=== SUPPLIED RECORDS ===

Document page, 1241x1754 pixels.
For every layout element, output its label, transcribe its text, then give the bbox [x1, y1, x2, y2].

===
=== SUPPLIED RECORDS ===

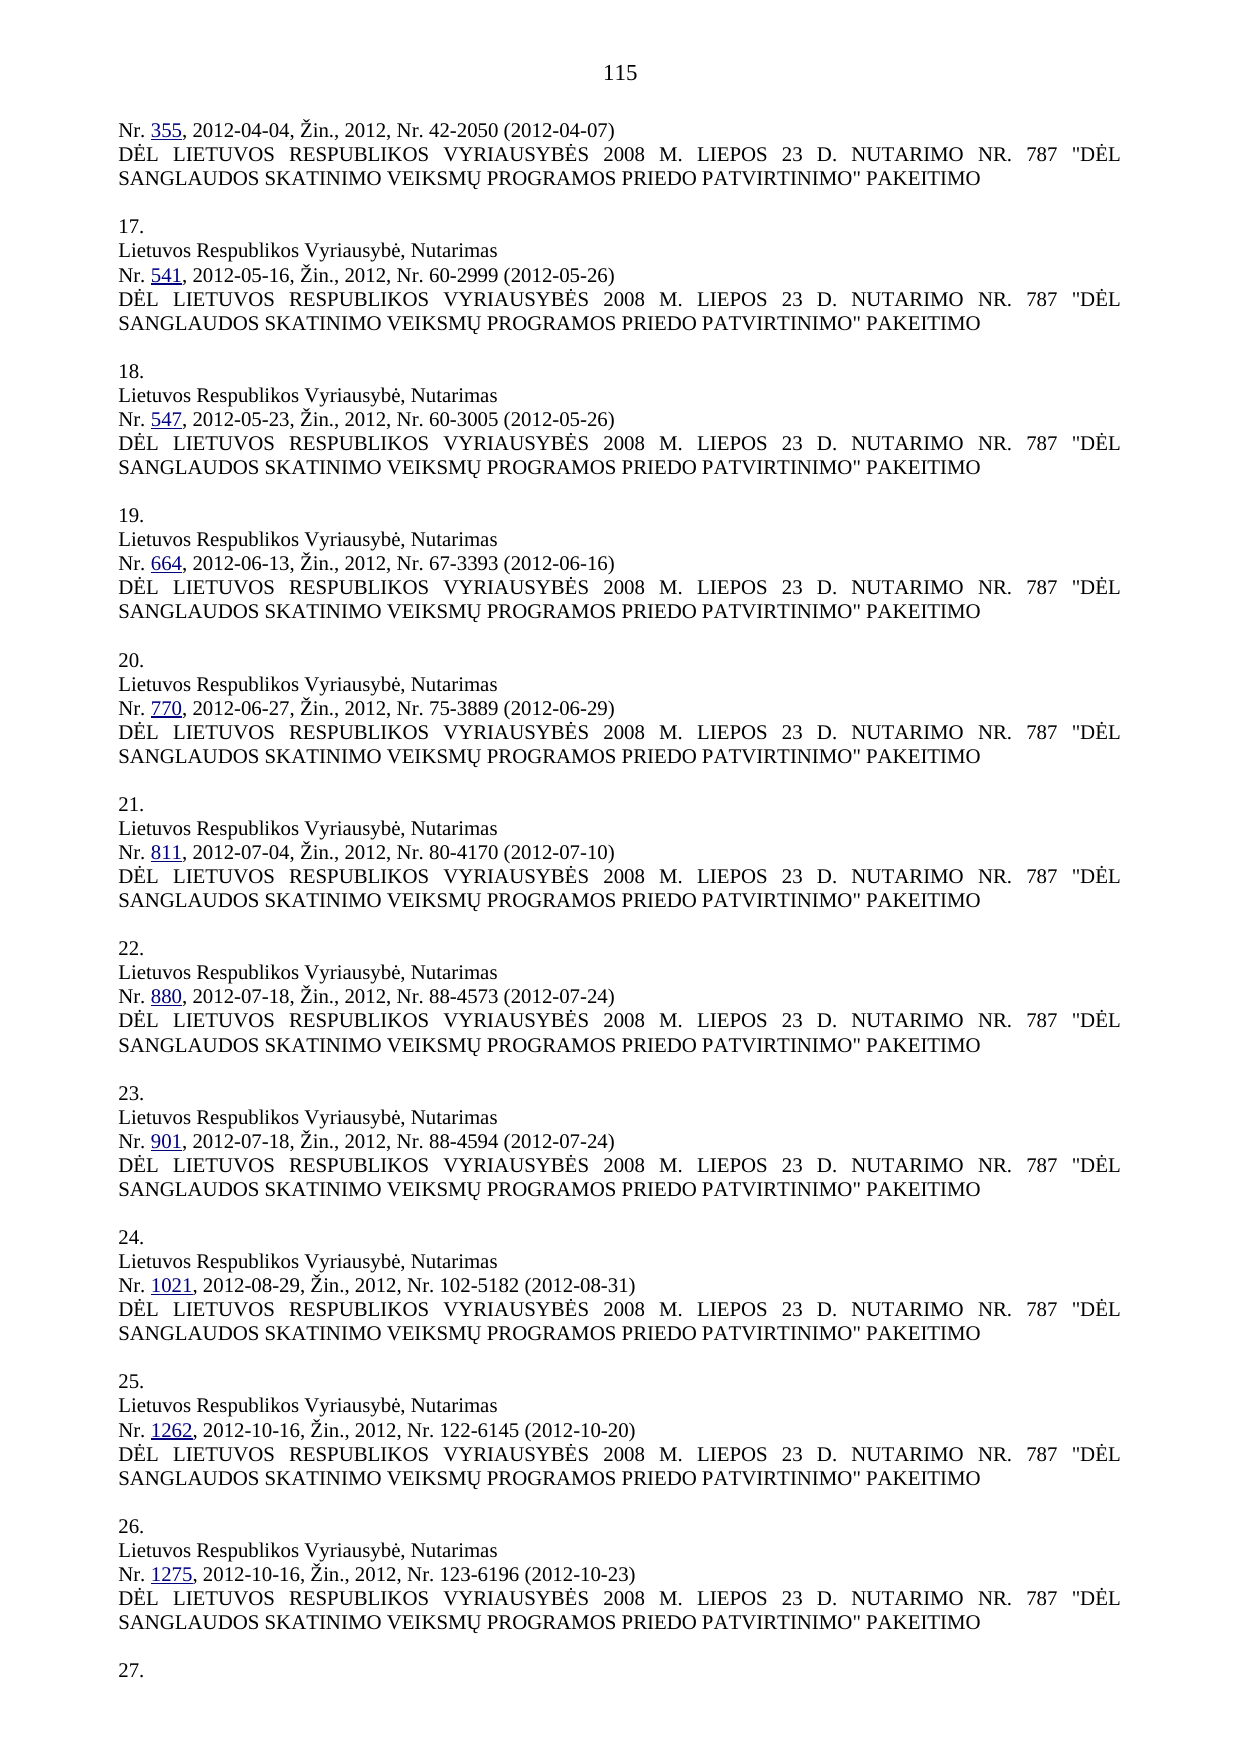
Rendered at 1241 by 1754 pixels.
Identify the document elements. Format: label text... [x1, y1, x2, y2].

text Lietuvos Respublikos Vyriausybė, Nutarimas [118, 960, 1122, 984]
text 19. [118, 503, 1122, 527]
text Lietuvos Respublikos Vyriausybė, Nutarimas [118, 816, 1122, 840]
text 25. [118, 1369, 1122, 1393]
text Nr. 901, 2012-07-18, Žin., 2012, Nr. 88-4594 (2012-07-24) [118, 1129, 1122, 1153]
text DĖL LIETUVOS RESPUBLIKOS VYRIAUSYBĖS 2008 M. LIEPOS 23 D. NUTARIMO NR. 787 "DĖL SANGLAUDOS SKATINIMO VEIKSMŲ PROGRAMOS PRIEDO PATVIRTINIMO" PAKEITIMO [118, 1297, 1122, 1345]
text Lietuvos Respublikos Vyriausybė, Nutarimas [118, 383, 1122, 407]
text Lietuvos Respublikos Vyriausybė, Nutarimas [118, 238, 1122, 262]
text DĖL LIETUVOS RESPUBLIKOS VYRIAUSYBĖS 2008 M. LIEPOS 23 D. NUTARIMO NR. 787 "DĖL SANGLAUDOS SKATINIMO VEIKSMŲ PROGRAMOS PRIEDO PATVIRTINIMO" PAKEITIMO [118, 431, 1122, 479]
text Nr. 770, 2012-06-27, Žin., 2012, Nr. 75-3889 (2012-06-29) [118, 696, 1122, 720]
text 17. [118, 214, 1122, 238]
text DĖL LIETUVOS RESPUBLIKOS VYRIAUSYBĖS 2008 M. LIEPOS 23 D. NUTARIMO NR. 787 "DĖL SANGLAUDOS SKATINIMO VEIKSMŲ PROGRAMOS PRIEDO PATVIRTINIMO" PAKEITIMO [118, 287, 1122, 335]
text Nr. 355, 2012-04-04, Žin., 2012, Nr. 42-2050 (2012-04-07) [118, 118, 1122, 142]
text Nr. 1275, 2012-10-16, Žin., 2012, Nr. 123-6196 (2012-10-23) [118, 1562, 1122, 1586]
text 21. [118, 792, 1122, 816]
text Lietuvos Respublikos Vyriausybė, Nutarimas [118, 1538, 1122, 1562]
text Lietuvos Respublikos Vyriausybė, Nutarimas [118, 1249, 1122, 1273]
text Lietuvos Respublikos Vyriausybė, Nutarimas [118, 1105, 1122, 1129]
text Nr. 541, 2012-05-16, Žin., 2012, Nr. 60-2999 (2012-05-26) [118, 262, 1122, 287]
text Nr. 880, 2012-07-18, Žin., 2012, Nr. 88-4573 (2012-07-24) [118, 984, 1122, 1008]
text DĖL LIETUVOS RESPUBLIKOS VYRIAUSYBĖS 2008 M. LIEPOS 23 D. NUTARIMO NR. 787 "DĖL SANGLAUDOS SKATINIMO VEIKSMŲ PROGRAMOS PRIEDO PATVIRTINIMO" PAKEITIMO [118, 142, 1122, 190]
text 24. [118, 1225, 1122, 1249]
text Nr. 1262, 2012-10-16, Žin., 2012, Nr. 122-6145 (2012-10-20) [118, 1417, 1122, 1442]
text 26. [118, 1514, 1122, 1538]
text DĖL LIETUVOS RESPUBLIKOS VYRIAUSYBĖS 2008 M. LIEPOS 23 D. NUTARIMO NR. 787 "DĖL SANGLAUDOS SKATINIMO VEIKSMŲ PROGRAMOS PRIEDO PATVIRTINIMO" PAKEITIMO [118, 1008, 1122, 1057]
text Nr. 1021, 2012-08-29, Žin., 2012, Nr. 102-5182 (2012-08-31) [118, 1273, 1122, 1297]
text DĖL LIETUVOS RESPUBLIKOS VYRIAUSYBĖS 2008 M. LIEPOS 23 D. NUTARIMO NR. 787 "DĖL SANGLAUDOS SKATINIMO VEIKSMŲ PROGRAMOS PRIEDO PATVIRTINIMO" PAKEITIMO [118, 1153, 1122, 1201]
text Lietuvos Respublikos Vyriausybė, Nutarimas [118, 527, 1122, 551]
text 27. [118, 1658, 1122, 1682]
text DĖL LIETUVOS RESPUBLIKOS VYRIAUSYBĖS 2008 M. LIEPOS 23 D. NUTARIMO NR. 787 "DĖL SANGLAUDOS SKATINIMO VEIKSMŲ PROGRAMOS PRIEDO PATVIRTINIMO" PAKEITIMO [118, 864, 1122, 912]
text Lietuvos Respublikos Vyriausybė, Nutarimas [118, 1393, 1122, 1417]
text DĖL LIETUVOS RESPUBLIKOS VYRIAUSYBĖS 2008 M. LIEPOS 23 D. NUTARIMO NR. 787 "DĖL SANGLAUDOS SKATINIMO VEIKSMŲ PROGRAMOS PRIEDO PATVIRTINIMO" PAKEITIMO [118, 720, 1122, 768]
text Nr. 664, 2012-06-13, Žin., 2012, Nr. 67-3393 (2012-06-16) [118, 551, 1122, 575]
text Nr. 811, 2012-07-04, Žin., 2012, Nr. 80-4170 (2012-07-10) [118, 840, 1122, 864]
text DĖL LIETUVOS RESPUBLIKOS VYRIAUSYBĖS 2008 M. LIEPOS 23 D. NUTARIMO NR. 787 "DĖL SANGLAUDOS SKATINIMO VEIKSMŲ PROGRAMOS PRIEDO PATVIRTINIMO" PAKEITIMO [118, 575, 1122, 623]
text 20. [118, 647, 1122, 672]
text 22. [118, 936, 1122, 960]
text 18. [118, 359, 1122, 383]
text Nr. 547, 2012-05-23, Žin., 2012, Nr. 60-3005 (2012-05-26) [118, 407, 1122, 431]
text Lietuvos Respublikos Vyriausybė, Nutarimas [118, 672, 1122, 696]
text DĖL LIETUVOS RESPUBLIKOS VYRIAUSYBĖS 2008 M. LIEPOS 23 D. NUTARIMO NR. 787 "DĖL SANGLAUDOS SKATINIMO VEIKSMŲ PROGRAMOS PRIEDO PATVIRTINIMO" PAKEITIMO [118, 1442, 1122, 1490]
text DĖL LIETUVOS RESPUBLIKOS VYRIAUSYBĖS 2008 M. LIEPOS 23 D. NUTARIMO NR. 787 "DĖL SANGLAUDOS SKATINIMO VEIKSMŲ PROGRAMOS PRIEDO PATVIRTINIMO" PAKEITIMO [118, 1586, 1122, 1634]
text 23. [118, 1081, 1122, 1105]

===

» WORK INSTRUCTIONS
Within the data above, the lines from the one with "Document page, 1241x1754 pixels." to the one with "For every layout" must be repeated exactly; no other line belongs in the answer.

» SOLUTION
Document page, 1241x1754 pixels.
For every layout element, output its label, transcribe its text, then give the bbox [x1, y1, x2, y2].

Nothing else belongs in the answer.